▶ **What is required**:
Report how many lines in the records below contain the word "meters". Give only the number.

[Extracted records]
■ ■ ■ ■ ■ ■ ■
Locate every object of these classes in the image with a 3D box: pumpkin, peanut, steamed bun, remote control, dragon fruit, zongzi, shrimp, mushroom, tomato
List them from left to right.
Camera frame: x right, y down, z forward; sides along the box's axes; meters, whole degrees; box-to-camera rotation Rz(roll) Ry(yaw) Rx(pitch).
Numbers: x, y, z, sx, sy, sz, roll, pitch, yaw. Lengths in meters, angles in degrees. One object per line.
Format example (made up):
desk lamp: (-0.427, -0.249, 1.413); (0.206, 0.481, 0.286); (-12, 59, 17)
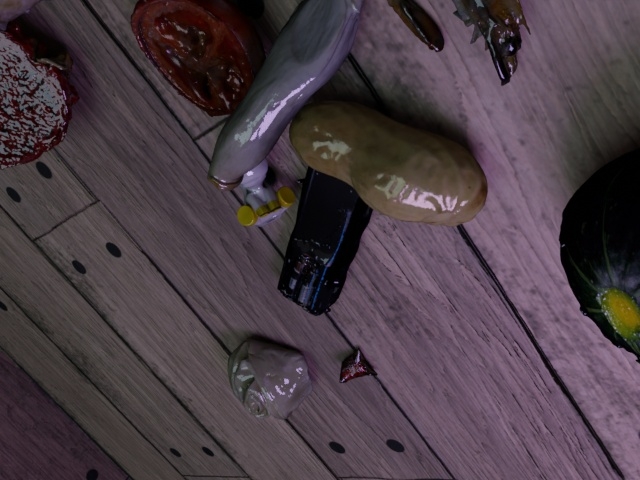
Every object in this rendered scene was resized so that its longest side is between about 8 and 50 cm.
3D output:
dragon fruit: (-0.564, -0.304, 1.234); (0.204, 0.152, 0.317); (7, 125, 2)
tomato: (-0.175, -0.308, 0.992); (0.227, 0.101, 0.228); (23, 145, 17)
steamed bun: (-0.134, 0.350, 1.510); (0.217, 0.144, 0.211); (20, 136, 19)
mushroom: (-0.058, -0.216, 0.909); (0.097, 0.109, 0.351); (35, 107, -13)
remote control: (0.000, 0.000, 1.172); (0.144, 0.062, 0.399); (28, 137, 11)
zongzi: (0.077, 0.264, 1.375); (0.083, 0.067, 0.074); (-9, 111, 17)
peanut: (0.095, -0.116, 0.941); (0.318, 0.148, 0.148); (27, 137, 11)
shrimp: (0.160, -0.306, 0.803); (0.173, 0.058, 0.253); (-7, 119, 47)
pumpkin: (0.454, 0.003, 0.772); (0.295, 0.296, 0.296); (18, 135, 19)

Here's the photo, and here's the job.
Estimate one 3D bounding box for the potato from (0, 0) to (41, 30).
potato: (-0.368, -0.392, 0.582); (0.288, 0.301, 0.237); (-43, 75, 16)

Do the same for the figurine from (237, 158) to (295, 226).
figurine: (-0.126, -0.110, 1.127); (0.178, 0.109, 0.129); (60, 177, -16)
■ ■ ■ ■ ■ ■ ■
▶ **Worked solution**:
2